スタジオの屋内は、想像に近いものだった。特注のベルベットの家具。クッションの上につけられたハート形と、壁にかけられた例の男女のシンボルが思い出される。音楽賞のショーのビデオ・カセットが並べられ、カゴの中に2羽の鳩もいた。

彼をコンサートなどで間近に見ることは何度もあったが、彼と向き合ったらどのような感じなのか強い興味があった。そんなことに思いを巡らせていると、プリンスが戸口に現れた。彼は、プリンスそのものだった。メイクをして、ハイヒールを履き、黒いフェルト製のチュニック風の上着を着ていた(この上着から縫い糸がだらりと垂れ下がっているのを見て驚いた覚えがある。それ以外はスキのない完璧な男だったが)。彼は簡単に自己紹介を済ませると、ミーティング・ルームに向かって歩き始めた。ジャーナリスト1人とカメラマン1人が、私より先に話すことになっていたので、彼らが今日のプリンスの機嫌についてあらかじめ教えてくれることを期待していた。

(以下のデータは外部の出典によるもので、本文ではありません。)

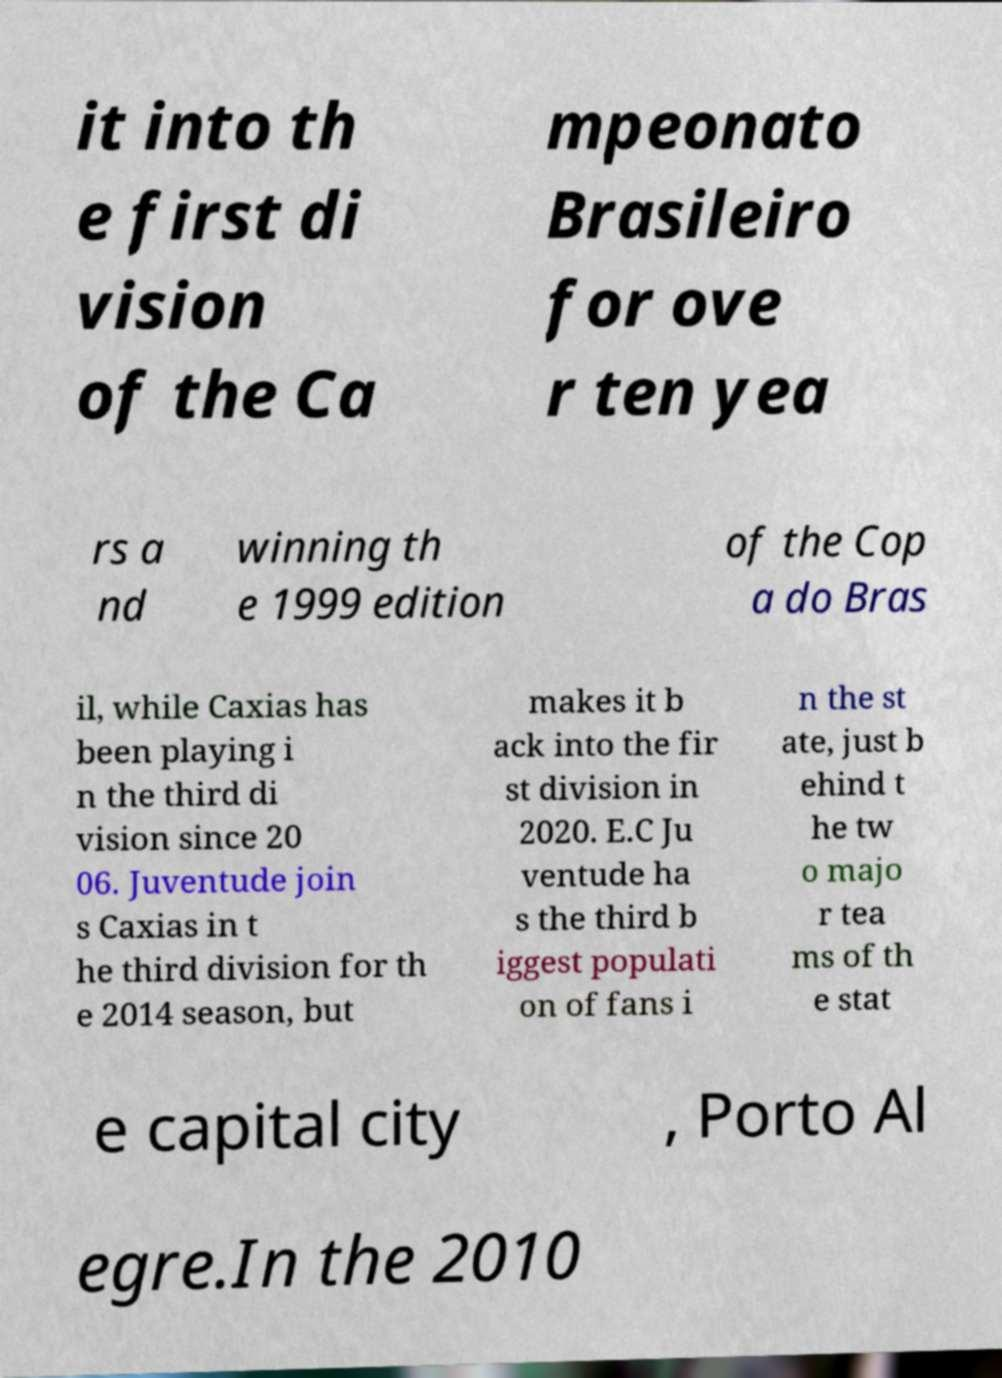I need the written content from this picture converted into text. Can you do that? it into th e first di vision of the Ca mpeonato Brasileiro for ove r ten yea rs a nd winning th e 1999 edition of the Cop a do Bras il, while Caxias has been playing i n the third di vision since 20 06. Juventude join s Caxias in t he third division for th e 2014 season, but makes it b ack into the fir st division in 2020. E.C Ju ventude ha s the third b iggest populati on of fans i n the st ate, just b ehind t he tw o majo r tea ms of th e stat e capital city , Porto Al egre.In the 2010 
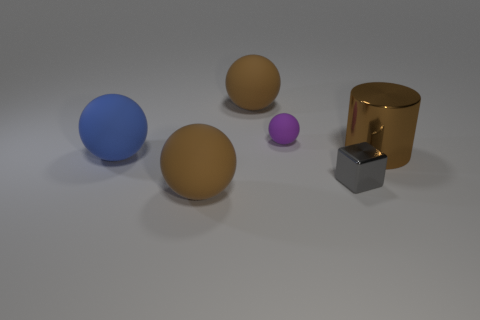Are there an equal number of gray blocks that are on the left side of the big blue object and rubber cylinders?
Provide a succinct answer. Yes. There is a metallic cylinder; how many tiny metal cubes are to the right of it?
Offer a very short reply. 0. What size is the blue rubber ball?
Provide a short and direct response. Large. There is a small thing that is made of the same material as the brown cylinder; what is its color?
Make the answer very short. Gray. How many other things are the same size as the gray metal thing?
Your response must be concise. 1. Is the big brown thing behind the purple rubber ball made of the same material as the big cylinder?
Make the answer very short. No. Is the number of tiny purple matte things in front of the purple object less than the number of small purple matte objects?
Your answer should be very brief. Yes. The large brown thing that is behind the large brown metal thing has what shape?
Provide a succinct answer. Sphere. There is a purple rubber thing that is the same size as the gray thing; what is its shape?
Your answer should be very brief. Sphere. Are there any gray rubber things that have the same shape as the purple rubber thing?
Make the answer very short. No. 
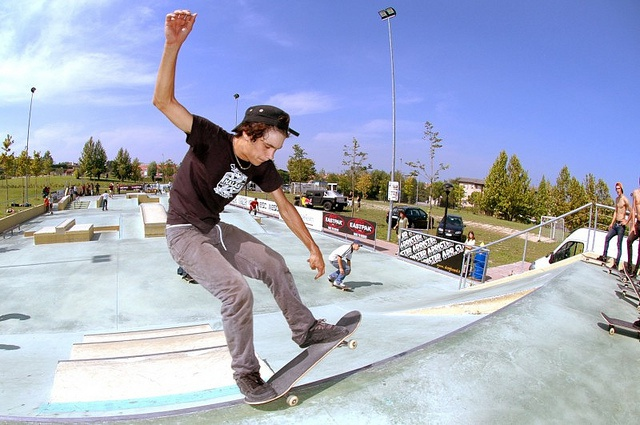Describe the objects in this image and their specific colors. I can see people in lightblue, black, darkgray, and gray tones, skateboard in lightblue, gray, and lightgray tones, people in lightblue, black, darkgray, gray, and olive tones, people in lightblue, tan, black, gray, and brown tones, and people in lightblue, black, white, maroon, and salmon tones in this image.

それがわかるのに長く待つことはなかった。カメラマンは、そそるタイプの女性だったが、5分後には帰る羽目になっていた。泣きながらミーティングを離れていった。ミーティングの前に、彼女は私に作品集を見せてくれていた。多くのショットで彼女はヌードだった。それが彼女の仕事だった。彼女は、プリンスの横で自分のヌードを写したかったのだが(おそらく後の画像処理によるやり方だろう)、プリンスは拒否したのだ。

次はエンターテインメント・ウィークリー誌の記者だった。彼女は25分間頑張った。プリンスのパブリシティ担当者から聞いた話だが、「紫の殿下」は彼女もお気に召さなかったようだ。彼女はプリンスにうわべだけの有名人向けの質問を山のように尋ねたようだ。例えば、「映画に行ったりするの?みんなあなたに気づくんじゃない?」とか。私の番はこの次で、今日のラストのジャーナリストだった。私はこれ以上彼の気分を壊さないよう祈った。

ミネソタ州チャナッセンにあるプリンスのペイズリー・パーク・スタジオ、1988年撮影(Photo by Jim Steinfeldt/Michael Ochs Archives/Getty Images)

プリンスはどのインタビューも録音を許さなかった。バッグの中に録音機材を忍ばせておくような真似をしないよう、私は黄色のリーガル・ノートとペンだけを渡された。私たちは大きなミーティング・ルームにいた。その部屋にはプリンスと、プリンスの音楽的、精神的なメンターであるグラハム・セントラル・ステーションのファンク・ベーシスト、ラリー・グラハムと、プリンスの広報担当者のロイスがいた。